Поэтому я завершу эту главу определением из учебника этики А.Гусейнова и Р.Апресяна, которое считаю наиболее приемлемым. Оно хорошо еще и тем, что четко разграничивает сферы использования каждого из понятий, что почти несвойственно нашим ученым.
«В рамках учебной дисциплины “этикой” мы будем называть науку, область знания, интеллектуальную традицию, а “моралью” или “нравственностью”, употребляя эти слова как синонимы – то, что изучается этикой, ее предмет» (Гусейнов, Апресян, с.11).

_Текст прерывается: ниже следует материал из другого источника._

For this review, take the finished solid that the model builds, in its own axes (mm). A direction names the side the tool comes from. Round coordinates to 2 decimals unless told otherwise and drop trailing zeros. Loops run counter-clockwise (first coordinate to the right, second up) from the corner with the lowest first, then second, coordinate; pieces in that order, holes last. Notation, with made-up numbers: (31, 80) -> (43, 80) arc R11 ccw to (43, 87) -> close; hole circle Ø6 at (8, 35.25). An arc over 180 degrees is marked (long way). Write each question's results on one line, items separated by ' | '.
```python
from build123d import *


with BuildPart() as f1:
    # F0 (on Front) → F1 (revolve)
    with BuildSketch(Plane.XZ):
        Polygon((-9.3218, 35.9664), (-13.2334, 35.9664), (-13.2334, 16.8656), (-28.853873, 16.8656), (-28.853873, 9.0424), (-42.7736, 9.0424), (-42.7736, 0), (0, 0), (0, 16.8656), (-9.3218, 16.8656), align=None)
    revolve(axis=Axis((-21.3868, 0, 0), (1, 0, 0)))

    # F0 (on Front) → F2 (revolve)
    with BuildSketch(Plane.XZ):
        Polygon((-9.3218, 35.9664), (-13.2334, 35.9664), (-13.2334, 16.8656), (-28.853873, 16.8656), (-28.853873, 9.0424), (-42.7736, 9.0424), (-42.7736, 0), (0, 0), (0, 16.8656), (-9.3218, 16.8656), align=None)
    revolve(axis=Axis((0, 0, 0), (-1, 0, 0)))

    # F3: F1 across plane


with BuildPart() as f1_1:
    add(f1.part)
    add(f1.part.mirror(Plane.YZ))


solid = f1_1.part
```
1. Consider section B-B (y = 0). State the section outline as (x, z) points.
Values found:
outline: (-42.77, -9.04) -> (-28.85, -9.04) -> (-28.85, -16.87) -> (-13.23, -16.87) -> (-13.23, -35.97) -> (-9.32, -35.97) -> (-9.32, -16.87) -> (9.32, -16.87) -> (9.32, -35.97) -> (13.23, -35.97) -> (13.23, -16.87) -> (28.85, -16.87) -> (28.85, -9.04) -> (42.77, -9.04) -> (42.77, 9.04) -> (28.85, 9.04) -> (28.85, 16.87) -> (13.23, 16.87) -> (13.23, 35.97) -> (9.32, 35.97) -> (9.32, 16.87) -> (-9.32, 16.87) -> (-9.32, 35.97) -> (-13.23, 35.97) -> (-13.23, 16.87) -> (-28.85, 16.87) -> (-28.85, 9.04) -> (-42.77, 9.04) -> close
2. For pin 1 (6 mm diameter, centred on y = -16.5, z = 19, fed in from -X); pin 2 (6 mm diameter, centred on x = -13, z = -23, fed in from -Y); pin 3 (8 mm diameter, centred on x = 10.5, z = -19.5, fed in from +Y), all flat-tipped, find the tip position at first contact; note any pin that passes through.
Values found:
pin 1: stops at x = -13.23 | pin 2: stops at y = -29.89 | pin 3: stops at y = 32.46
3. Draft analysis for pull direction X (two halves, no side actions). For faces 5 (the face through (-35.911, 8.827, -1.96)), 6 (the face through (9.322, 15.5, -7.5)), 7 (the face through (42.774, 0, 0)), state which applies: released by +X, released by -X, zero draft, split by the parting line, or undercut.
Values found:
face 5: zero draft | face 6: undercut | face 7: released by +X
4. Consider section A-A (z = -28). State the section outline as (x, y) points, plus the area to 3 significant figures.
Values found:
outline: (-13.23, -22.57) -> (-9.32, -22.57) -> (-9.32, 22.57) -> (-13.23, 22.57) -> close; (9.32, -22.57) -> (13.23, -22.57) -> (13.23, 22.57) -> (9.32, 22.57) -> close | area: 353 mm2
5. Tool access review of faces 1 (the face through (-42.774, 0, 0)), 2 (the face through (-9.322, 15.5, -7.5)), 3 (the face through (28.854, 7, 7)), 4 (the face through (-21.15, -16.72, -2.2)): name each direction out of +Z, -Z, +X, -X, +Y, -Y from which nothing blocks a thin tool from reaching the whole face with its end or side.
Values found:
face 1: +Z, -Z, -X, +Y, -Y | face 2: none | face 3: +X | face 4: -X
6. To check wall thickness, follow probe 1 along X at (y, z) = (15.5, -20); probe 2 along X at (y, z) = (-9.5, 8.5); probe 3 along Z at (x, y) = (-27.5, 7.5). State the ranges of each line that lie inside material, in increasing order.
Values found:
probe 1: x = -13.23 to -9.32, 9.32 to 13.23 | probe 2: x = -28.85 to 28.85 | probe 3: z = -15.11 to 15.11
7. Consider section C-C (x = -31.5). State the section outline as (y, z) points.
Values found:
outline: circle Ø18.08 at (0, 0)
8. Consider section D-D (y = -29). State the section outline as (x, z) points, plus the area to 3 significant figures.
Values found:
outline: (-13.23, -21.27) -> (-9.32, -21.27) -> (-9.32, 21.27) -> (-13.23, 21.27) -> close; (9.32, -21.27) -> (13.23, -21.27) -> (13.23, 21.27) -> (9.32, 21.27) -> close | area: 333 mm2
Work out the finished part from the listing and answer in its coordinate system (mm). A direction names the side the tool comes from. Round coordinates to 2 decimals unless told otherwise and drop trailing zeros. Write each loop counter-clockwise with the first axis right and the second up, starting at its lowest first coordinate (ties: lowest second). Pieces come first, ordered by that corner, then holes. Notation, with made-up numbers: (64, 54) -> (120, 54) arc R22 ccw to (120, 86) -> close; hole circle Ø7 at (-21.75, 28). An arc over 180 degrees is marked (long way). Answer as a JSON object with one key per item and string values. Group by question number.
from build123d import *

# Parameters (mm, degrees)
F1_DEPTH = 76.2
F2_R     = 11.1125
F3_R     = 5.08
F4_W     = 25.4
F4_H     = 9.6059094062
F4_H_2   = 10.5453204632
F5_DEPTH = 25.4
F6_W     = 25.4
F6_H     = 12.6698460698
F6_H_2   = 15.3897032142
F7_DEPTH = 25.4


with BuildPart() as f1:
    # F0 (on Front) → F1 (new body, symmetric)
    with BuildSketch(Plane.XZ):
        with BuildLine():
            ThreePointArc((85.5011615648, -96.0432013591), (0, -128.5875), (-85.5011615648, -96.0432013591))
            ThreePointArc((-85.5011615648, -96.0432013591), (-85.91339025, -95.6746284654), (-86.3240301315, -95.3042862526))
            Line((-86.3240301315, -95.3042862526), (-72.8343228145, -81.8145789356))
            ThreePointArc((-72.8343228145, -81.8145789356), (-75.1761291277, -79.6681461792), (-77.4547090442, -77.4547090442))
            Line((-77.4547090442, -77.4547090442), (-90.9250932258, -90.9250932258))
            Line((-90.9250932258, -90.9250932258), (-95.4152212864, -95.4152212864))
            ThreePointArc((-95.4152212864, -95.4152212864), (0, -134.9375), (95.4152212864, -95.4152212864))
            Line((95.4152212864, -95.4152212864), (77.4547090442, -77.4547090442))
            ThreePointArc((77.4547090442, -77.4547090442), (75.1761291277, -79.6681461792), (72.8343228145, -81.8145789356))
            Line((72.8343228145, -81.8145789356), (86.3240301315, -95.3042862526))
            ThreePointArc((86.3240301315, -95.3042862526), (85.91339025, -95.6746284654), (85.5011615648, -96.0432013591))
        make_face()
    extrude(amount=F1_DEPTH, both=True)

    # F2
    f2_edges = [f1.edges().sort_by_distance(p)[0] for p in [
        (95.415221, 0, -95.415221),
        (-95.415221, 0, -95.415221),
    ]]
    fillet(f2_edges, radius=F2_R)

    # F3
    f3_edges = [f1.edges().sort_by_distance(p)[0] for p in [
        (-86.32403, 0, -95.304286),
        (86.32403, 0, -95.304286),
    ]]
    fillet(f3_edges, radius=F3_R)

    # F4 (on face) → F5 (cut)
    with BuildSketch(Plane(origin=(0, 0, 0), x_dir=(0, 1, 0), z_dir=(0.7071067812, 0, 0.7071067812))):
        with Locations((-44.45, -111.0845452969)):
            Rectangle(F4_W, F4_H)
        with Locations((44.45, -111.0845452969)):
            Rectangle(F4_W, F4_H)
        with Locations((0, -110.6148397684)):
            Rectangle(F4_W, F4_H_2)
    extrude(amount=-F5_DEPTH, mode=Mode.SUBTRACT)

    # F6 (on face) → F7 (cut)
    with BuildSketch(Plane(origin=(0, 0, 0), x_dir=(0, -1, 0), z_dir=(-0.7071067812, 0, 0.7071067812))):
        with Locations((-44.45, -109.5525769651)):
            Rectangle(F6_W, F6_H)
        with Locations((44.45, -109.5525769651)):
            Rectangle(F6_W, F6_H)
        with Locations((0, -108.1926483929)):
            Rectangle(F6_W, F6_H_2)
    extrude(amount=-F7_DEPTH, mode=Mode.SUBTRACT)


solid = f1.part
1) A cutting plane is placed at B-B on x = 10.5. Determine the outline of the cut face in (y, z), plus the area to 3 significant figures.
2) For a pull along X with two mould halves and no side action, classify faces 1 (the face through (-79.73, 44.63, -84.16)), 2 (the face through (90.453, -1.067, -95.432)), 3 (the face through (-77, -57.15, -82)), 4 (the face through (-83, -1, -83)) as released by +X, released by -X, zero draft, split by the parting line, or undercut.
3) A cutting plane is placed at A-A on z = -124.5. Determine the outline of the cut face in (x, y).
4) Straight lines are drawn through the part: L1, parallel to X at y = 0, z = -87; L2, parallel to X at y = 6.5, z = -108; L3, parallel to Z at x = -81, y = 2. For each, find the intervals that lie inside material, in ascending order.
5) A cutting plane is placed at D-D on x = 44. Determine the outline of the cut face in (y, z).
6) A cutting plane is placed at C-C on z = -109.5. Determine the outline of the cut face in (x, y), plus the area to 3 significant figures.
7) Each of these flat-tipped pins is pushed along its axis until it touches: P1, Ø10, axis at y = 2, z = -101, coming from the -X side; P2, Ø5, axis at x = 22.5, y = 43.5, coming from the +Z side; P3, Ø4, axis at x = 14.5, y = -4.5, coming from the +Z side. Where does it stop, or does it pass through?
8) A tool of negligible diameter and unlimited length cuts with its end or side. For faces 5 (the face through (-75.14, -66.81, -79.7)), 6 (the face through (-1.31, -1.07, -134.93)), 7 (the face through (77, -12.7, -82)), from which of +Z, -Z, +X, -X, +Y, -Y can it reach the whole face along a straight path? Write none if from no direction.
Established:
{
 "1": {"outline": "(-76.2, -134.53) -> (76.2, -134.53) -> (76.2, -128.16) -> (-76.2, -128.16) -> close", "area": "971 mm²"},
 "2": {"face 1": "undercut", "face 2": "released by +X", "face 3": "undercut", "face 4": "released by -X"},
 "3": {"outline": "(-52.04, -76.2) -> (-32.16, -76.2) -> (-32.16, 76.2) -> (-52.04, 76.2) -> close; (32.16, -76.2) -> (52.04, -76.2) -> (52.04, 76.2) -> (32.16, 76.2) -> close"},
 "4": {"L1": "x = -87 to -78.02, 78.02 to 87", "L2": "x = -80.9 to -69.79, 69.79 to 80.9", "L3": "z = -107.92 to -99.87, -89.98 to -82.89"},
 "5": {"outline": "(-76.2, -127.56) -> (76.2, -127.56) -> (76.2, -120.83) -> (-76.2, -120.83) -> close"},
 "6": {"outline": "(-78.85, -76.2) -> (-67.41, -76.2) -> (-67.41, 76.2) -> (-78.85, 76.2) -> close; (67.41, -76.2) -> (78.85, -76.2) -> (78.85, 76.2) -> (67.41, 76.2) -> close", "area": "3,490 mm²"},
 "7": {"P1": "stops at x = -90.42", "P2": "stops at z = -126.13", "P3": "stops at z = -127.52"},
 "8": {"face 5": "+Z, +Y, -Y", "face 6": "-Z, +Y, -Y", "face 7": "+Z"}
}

Это лучшее определение нашей науки, хотя, как вы уже поняли, и оно не совсем точно. Но это данность, в которой существует наука о нравственности. Данность и ограничение, потому что, несмотря на заветы Аристотеля, философы не изучают нравственность психологически, как деятельность души. Они только поминают о душевных проявлениях, но затем одергивают себя. Все-таки этика – это наука самоограничения.
Как писал Кант, вслед за Аристотелем очень ратовавший за «этическое государство», в одном из своих сочинений:
«…ведь здесь ставится также вопрос о месте души как в аспекте ее способности воспринимать чувственные данные, так и в аспекте ее способности сообщать движущую силу.
Тем самым искомый ответ может вызвать спор двух факультетов по вопросу о границах их компетенции – медицинского, к ведению которого относится анатомия и физиология, и философского, к ведению которого относится психология…
…и здесь легко могут возникнуть неприятности, связанные со спором факультетов о том, кому из них надлежит вынести решение по вопросу, предложенному в том или ином случае университету (как учреждению, являющему собой сосредоточие всей мудрости)» (Кант, Об органе души, с.620).
Глава 3Что же такое нравственность философов?
Итак, философы считают, что этика – это наука о нравственности и морали. Мораль я разбирать не хочу, потому что для русского человека это не более, чем занесенный на нашу землю европейский этикет прошлых веков. Он, безусловно, способ управления поведением, но только определенного класса людей. Когда-то аристократов, сейчас – тех, кто считает себя повыше, пообразованней других.
Неплохо бы теперь было понять, что же понимают философы под русским словом «нравственность».
Дело это непростое. Философы чрезмерно отягощены делами своего сообщества и трудно пишут для простых людей. Самым показательным является пример первого русского философского словаря Эрнеста Радлова.
Радлов настолько занят нерусскими делами философов, что попросту отказывает нравственности в праве на существование и пишет в статье «Нравственность: смотри этика».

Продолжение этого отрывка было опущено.